New submitter rmdingler writes that a new map created by NASA based on the New Horizons flyby of Pluto "shows much more frozen water than scientists initially expected." Using LEISA to photograph from 108,000 kilometers away, much more of the recently demoted planet's frozen surface liquid is water, rather than methane, carbon monoxide, and nitrogen as originally posited.

9 of 49 comments (clear)

  1. Amazing that it is not buried by jfdavis668 · · Score: 2

    Water freezes at a much higher temperature than many of the other compounds. You think it would have frozen first and be buried under everything else. Some action must bring it back up and deposit it on the surface.

    1. Re:Amazing that it is not buried by Rei · · Score: 4, Informative

      The summary is lousy. It's not "much less water ice than thought", it's much less "than was previously known". It had been hard to detect the water ice through the frosts previously.

      It's always been expected that a large portion of Pluto's mass is water ice. Also, it was well known before NH arrived that any surface topography of significance would have to be from water ice, as the other ices are just too "soft" to hold up strong contours.

      As for water ice being buried, why would you expect that? Water ice is lighter than nitrogen and carbon monoxide ices. It basically "floats" on them. There seems to be a sort of N2/CO/CH4 "mantle" which is exposed to the surface (and convecting) at Sputnik (the point nearest Charon). Elsewhere, however, a water ice crust floats atop it, seemingly progressively thicker the further one gets from Sputnik/Charon.
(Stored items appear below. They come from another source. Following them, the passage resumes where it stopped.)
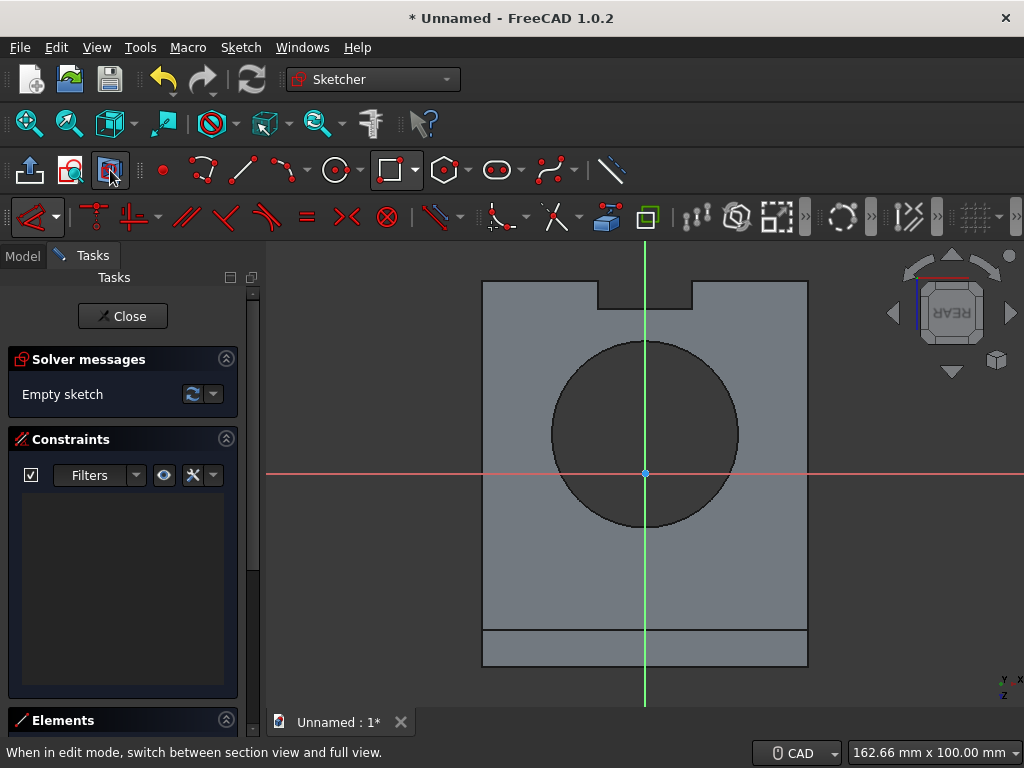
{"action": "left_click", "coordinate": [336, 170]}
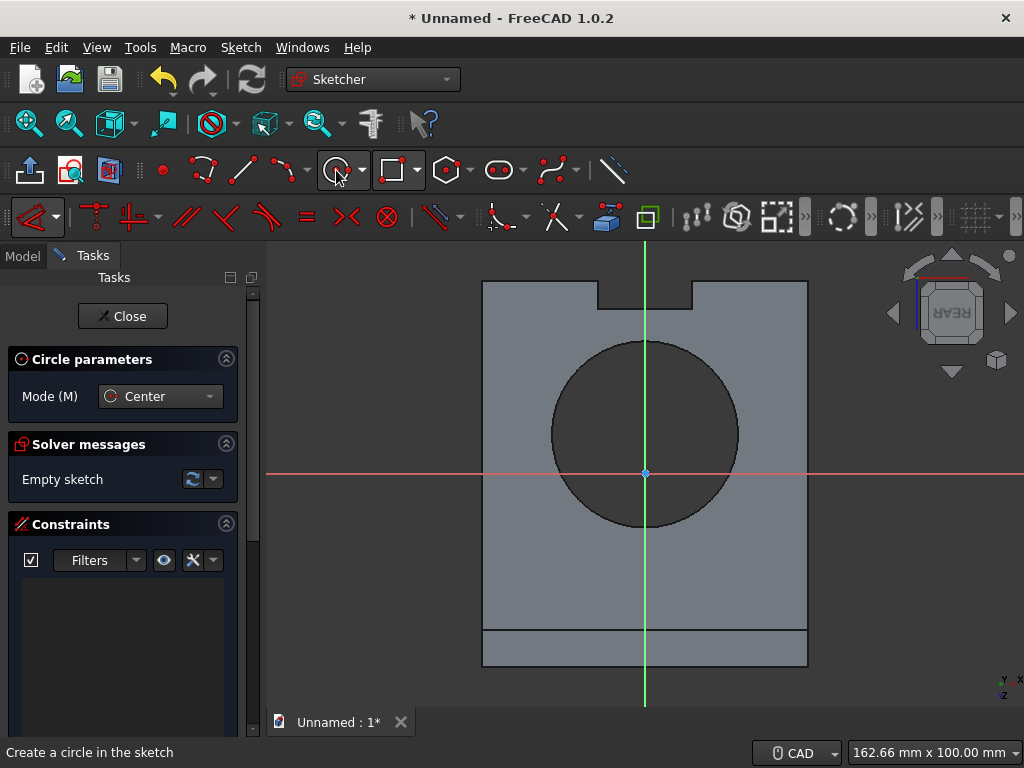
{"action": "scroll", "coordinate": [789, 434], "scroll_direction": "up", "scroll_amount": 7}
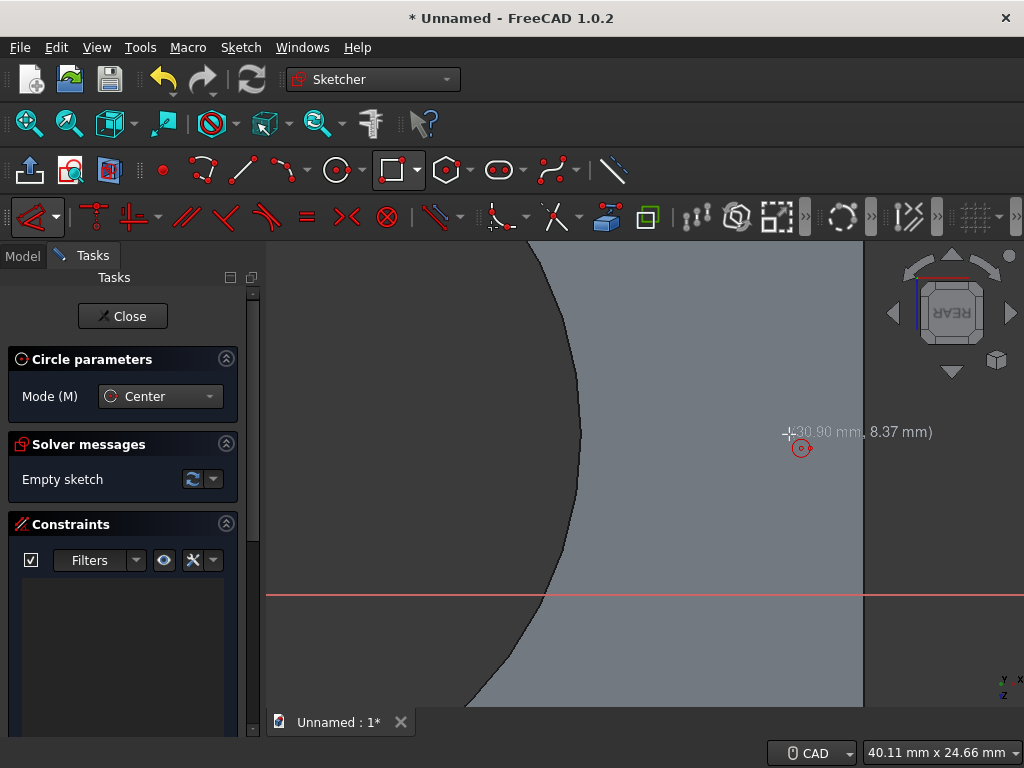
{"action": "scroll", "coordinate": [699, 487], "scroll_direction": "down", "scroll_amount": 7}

      I find it interesting - perhaps coincidental, perhaps not - that Pluto is like our moon, with a crust thinner and more geologically active on the side of which it's tidally locked to its partner, and thicker/less active on the opposite side. If we can figure out Pluto's dynamics better, it might help us understand our own moon better.
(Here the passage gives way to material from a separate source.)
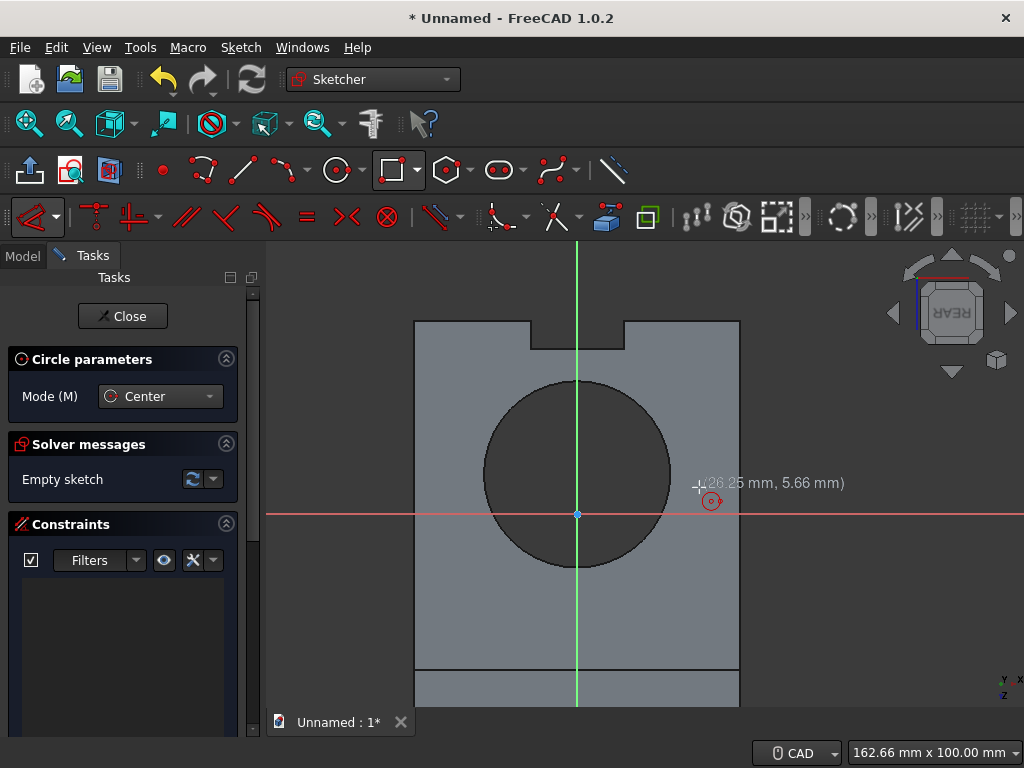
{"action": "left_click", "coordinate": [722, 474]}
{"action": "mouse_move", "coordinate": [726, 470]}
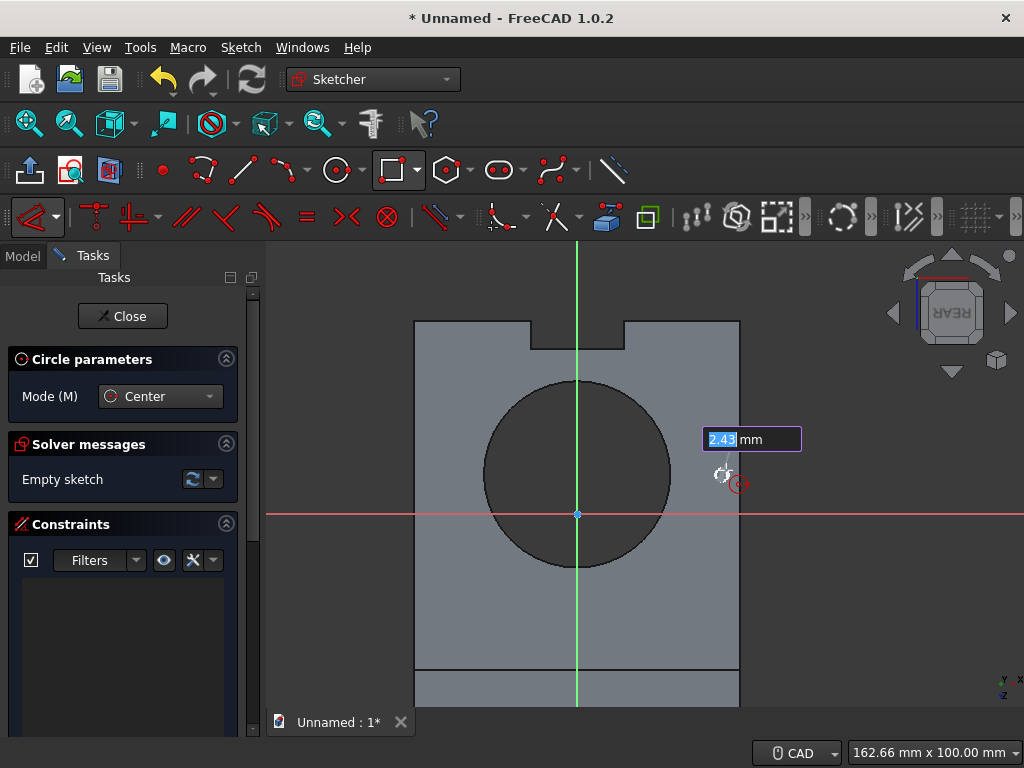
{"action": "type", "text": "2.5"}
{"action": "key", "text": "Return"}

      Pluto is a beautifully, fascinatingly weird place. There's some good evidence that entire water-ice floating mountains have washed ashore and collected on the shores of Sputnik - perhaps water ice from the deep depths. Certainly there are shorelines that have this appearance today, and we can see smaller water-ice chunks floating and stuck between the roiling convection cells. If one pictures rolling back the clock, Pluto started out very hot (alternatively with multiple periods of heat, such as during the formation and/or capture of Charon). The first things to condense out would have been rocks, such as silicates, with a water ice ocean and a nitrogen/methane/CO atmosphere. Then the water ice would have frozen. Then the gases would have frozen atop it. But then you have a situation where you have an extensive heavier layer over an even more extensive, lighter layer. So there may be potential for cycling. But it's hard to say, because different crystal forms in different temperature and pressure conditions have different densities.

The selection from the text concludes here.